We assume $k\geq 2$ is fixed throughout.  We show
\\ {\bf Theorem.}  
There exists a packing with
\[ |S| = O(ND^{-1/k}\ln^cD)  \]
where $c$ depends on $k$.  (We make no attempt to optimize $c$.) 
\par Our approach is to give a real time random process that produces 
a packing with $E[|S|]$ meeting these bounds.  The process, as described
in \S 1,2, can be thought of as the random greedy algorithm with some
``stabilization mechanisms'' added.  Placing the algorithm in a real time
context allows for simulation of the variables by a differential equation
and the analysis of our discrete, albeit asymptotic, procedure becomes
quite continuous in nature.  
\par The study of asymptotic packing can be said to date from the
proof by V. R\"odl \cite{R} of a classic conjecture of Paul Erd\H{o}s and 
Haim Hanani \cite{EH}.  R\"odl showed that for $l<k$ fixed and $n\rightarrow
\infty$ there exists a ``packing'' $P$ of $\sim {n\choose l}/{k\choose l}$
$k$-element subsets of an $n$-element universe $\Omega$ so that every
$l$ points of $\Omega$ lie in at most one of the $k$-sets.  This
was nicely generalized by N. Pippenger in work appearing \cite{PS}
jointly with this author.  He showed that  any $k$-uniform
hypergraph on $N$ vertices with $\deg(v)\sim D$ for every $v$ and
any two vertices $v,w$ having $o(D)$ common edges has a packing $P$
with $|S|=o(n)$.  (Here $k$ is fixed,
$N,D\rightarrow\infty$.)  Recent work has centered on lowering the
size of $|S|$ in terms of $D$.  Our main result has also been
shown (indeed, without the logarithmic term for $k\geq 3$) in
our joint paper \cite{AKS}  by quite different techniques.  

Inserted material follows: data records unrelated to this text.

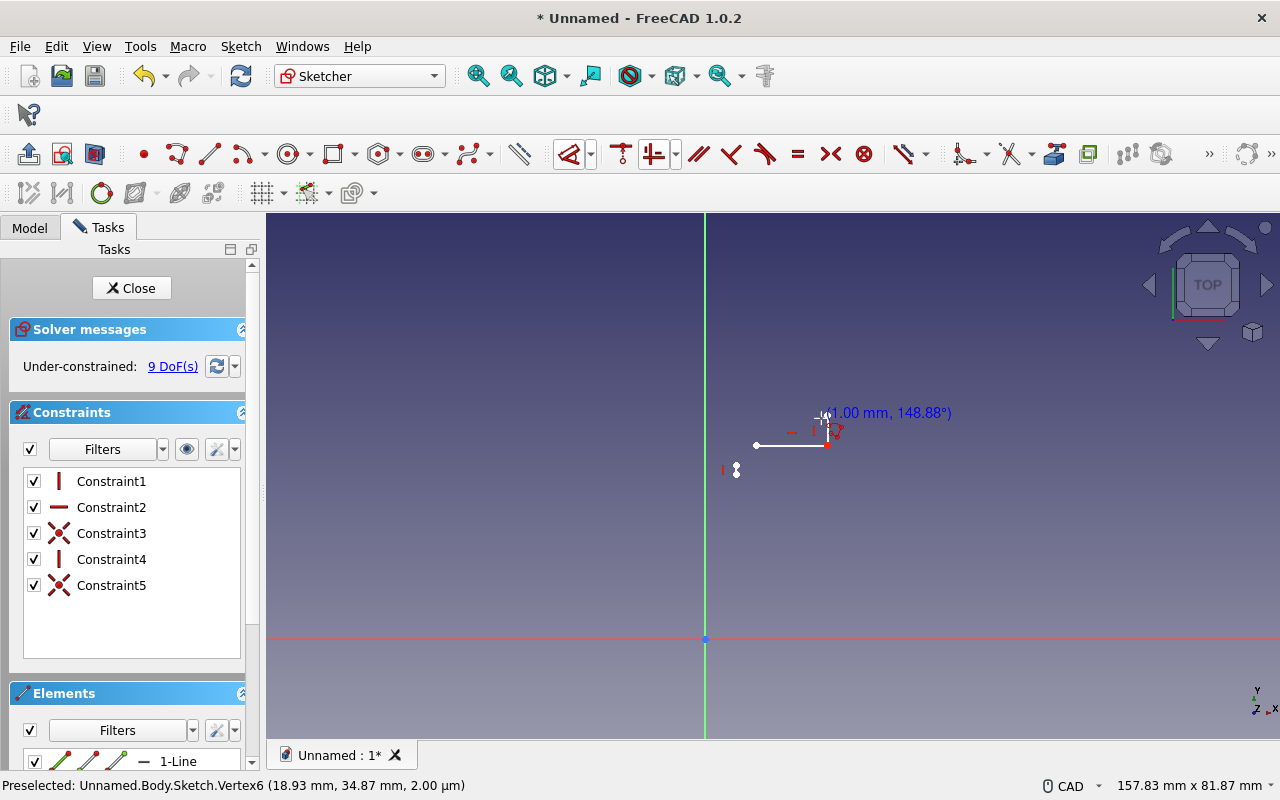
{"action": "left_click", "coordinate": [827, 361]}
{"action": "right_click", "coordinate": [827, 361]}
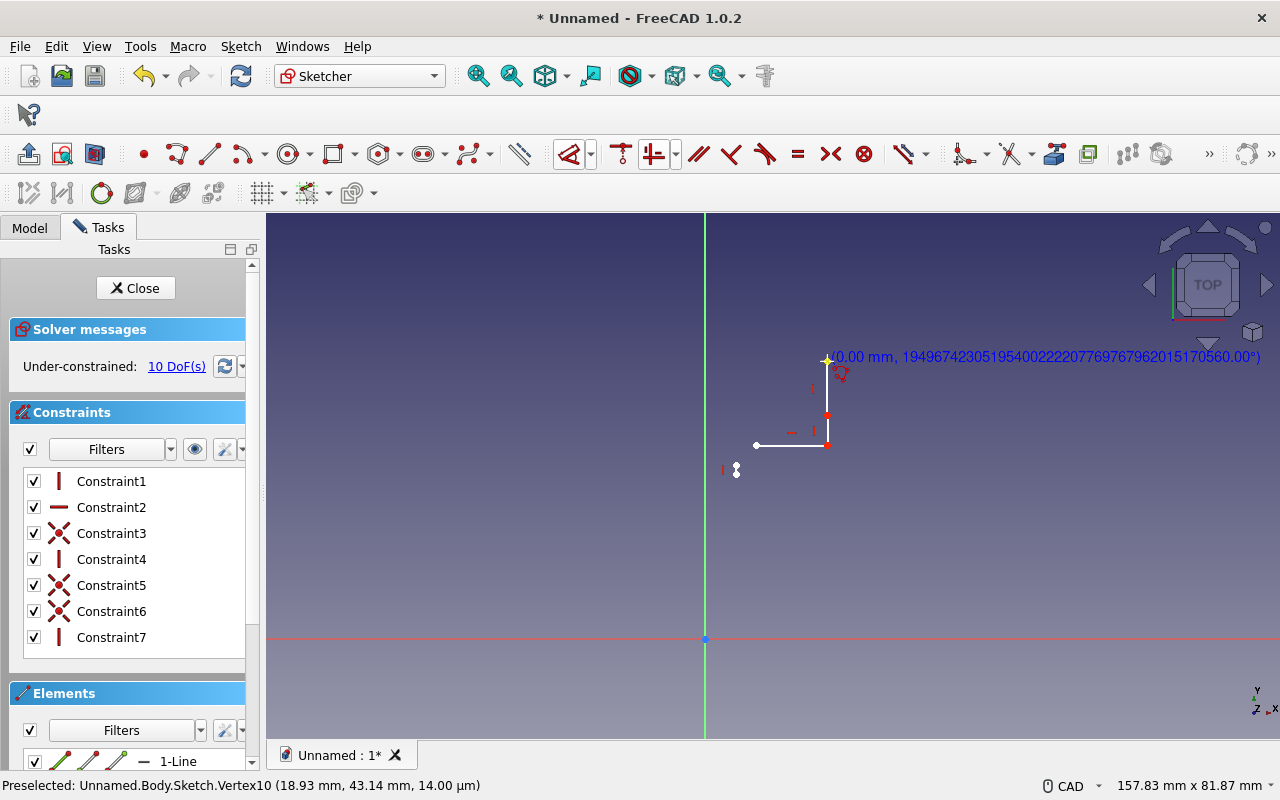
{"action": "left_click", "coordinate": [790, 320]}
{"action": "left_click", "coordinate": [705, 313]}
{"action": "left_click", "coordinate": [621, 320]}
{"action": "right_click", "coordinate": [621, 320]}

\section{Two Simple Algorithms}
We first define the {\em discrete random greedy algorithm} in a natural
way.  Randomly order $e_1,\ldots,e_{\omega}$, $\omega=|E|$, the edges of
$H$.  Set $P_0=\emptyset, S_0=V$.  For $1\leq i\leq \omega$ {\em if}
$e_i\subseteq S_{i-1}$ then set $P_i=P_{i-1}\cup\{e_i\}$ and 
$S_i=S_{i-1}- e_i$, {\em else} keep $P_i=P_{i-1}$ and $S_i=S_{i-1}$.
That is, consider the edges in random sequential order and add each to
the packing if you can.  We conjecture that $E[|S_{\omega}|]$ meets the
bounds of our Theorem.  This author \cite{S} and, independently, V.

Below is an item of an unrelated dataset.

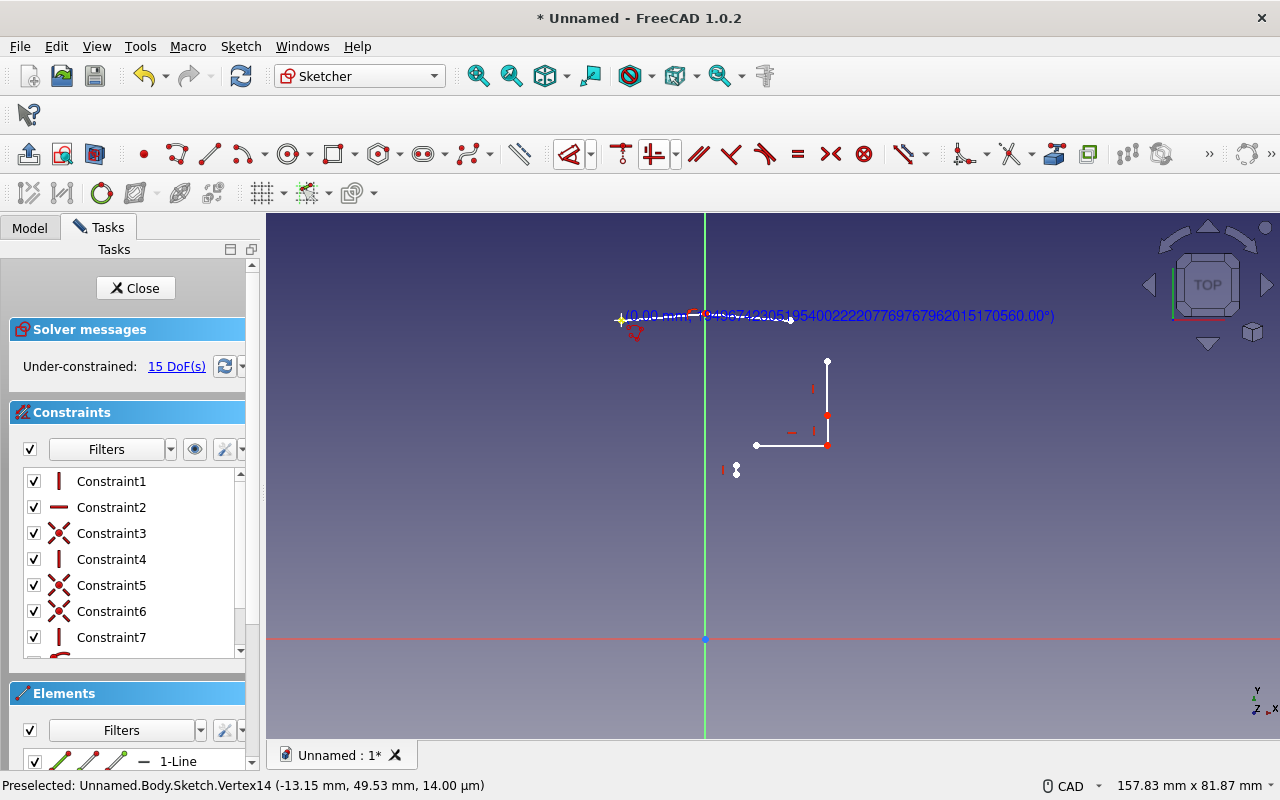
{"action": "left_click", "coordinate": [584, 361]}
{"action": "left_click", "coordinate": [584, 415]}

R\"odl and L. Thoma \cite{RT} have shown that $E[|P_{\omega}|] \sim
\frac{N}{k+1}$ or  equivalently that $E[|S_{\omega}|]=o(N)$.
Viewed in this light we are now looking at a second order term, just
how close to a ``perfect packing'' can we get.  
Unfortunately, this natural algorithm has eluded more refined
analysis.  We feel it would be most interesting even to prove that
the exponent of $D$ is the correct one, that 
\beq\label{conj}
E[|S_{\omega}|] = O(ND^{-1/k+o(1)})\hspace*{2cm}         (??)
\eeq
\par Now we define the {\em realtime random greedy algorithm}.  We
let time $t$ go continuously starting from zero.  The packing $P=P_t$
will vary with time as will $S_t=V-\bigcup P_t$.  We let $H_t$ denote
the restriction of $H$ to $S_t$.  If by time $t$ edge 
$e\subseteq S_t$ has not yet been born then it is born in the next $dt$
with probability $e^t\frac{dt}{kD}$. When $e$ is born it is added
to $P$.  In particular, all $e'$ with $e'\cap e\neq \emptyset$ are
no longer considered.
\par Observe that the edges are being born in a random order.  Thus
if we continue this process until $H$ has no edges the distribution
of $S$ will be precisely that of the discrete random greedy algorithm.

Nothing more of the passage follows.